But, your view of the problem is rather narrow.

Not every immigrant is 30-40 years old.

Quite a few immigrants pay their immigration expenses themselves.

BOTH parties go through immigration hell.

If relationship did not work out, divorce is due regardless of whether the immigrant wants to stay in the US or not.

US citizen is not punished for going through trouble and expense. Most of the time, affidavit of support will not come into play. When it does, the US citizen is paying for making a wrong choice of a life partner and not seeing the fraudster for what he/she is.

So yes, buyer beware. Get to know your fiance(e) before marriage.

i have to say this:

But where is US citizen protection in his/her own country?

US citizen goes trough immigration hell to bring his wife here, pay all expenses,then SHE leave him for whatever reason and then he continues to have nightmare?

The worst thing i read on this forum is when wife comes to US, leave him after 8 months , than file for Wava and then says she can not go back to her own country because she has ties to US ! What ties???
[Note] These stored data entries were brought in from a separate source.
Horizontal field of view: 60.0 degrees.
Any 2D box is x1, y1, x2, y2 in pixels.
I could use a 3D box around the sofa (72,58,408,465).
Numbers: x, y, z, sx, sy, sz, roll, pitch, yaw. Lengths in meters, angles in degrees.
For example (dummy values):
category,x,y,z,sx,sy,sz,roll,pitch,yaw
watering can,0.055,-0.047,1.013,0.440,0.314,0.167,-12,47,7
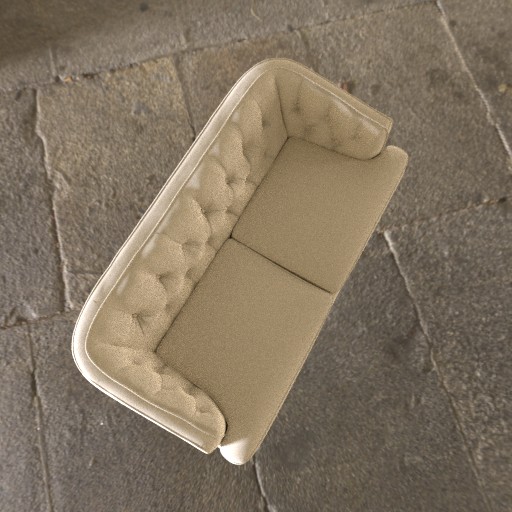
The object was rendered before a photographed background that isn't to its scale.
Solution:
category,x,y,z,sx,sy,sz,roll,pitch,yaw
sofa,0.000,0.000,2.229,0.941,0.855,1.733,29,76,8
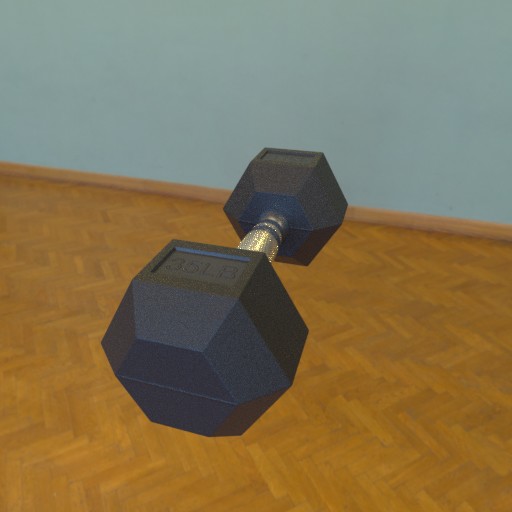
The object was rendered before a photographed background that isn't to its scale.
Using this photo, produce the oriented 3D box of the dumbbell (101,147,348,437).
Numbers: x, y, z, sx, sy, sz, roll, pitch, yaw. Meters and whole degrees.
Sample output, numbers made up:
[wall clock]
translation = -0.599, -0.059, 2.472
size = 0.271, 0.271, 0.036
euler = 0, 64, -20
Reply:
[dumbbell]
translation = 0.000, 0.000, 0.428
size = 0.141, 0.123, 0.356
euler = 9, 31, 15
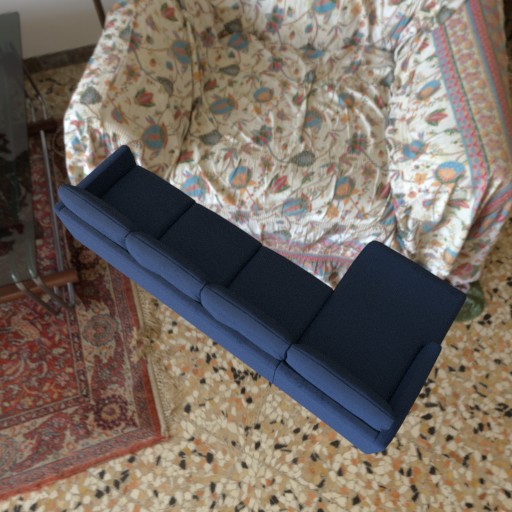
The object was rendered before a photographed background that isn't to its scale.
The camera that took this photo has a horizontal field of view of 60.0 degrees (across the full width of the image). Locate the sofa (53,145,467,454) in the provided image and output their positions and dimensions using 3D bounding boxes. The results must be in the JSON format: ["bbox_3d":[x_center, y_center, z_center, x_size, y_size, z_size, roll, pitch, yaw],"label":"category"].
[{"bbox_3d":[0.000,0.000,2.847,2.450,0.679,1.128,33,68,15],"label":"sofa"}]
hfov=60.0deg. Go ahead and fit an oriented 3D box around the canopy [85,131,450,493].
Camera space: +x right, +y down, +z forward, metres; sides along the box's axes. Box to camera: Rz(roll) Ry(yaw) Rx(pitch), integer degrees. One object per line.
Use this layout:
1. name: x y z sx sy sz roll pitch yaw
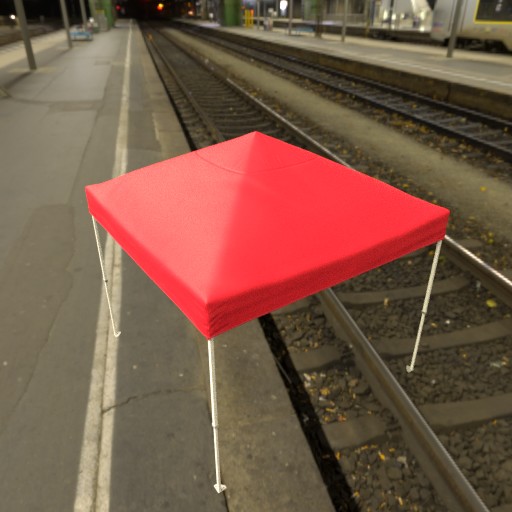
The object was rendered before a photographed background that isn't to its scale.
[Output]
1. canopy: 0.000 0.000 5.393 2.996 2.997 2.998 -19 34 -30
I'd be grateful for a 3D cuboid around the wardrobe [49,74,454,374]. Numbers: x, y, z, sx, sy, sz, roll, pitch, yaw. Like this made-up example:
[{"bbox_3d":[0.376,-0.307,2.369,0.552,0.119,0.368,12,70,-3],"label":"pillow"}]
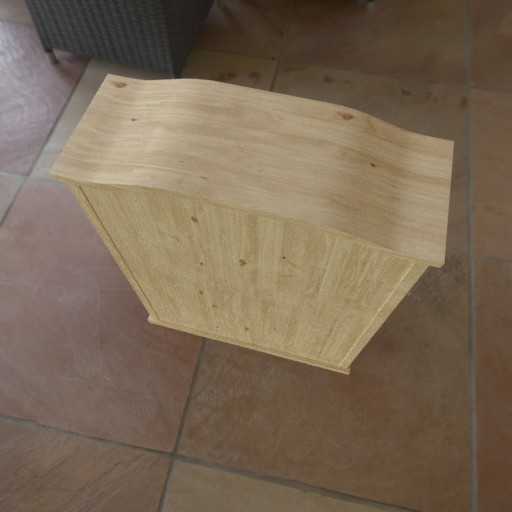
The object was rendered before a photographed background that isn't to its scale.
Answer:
[{"bbox_3d":[0.000,0.000,2.512,1.500,1.870,0.570,13,64,7],"label":"wardrobe"}]
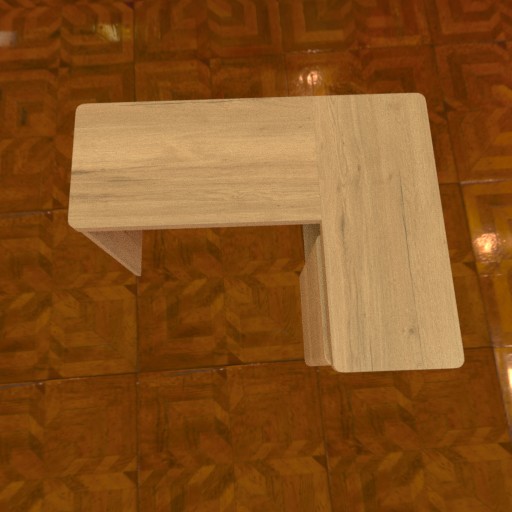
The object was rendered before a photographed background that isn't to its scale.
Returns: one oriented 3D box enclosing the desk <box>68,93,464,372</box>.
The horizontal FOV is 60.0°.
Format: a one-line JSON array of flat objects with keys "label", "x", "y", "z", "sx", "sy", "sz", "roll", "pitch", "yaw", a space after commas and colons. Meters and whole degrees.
[{"label": "desk", "x": 0.000, "y": 0.000, "z": 1.744, "sx": 1.169, "sy": 0.760, "sz": 0.900, "roll": -2, "pitch": 76, "yaw": -1}]

How one person can have more ties to US after only 6 months of residence versus 30-40 years in her own country?

My 2 cents are that if it comes to divorce husband should responsabile to pay her/him plane ticket to homeland and pay all fees until she/he leave country. Fair enough.

But going trough all this hell of divorce only because she wants to stay in US is just not right.

My best friend wife filed after only 6 months of marriage in US for wava,got immigration advocate (and good/costly one) and moved to different US state.

And before she came to US she supposed to be girl without money, without good english knowlege and friends/ties in US!!! How she knows all those things?

In this case like i others im reding here US citizen should not be punished having all this expenses ant trouble!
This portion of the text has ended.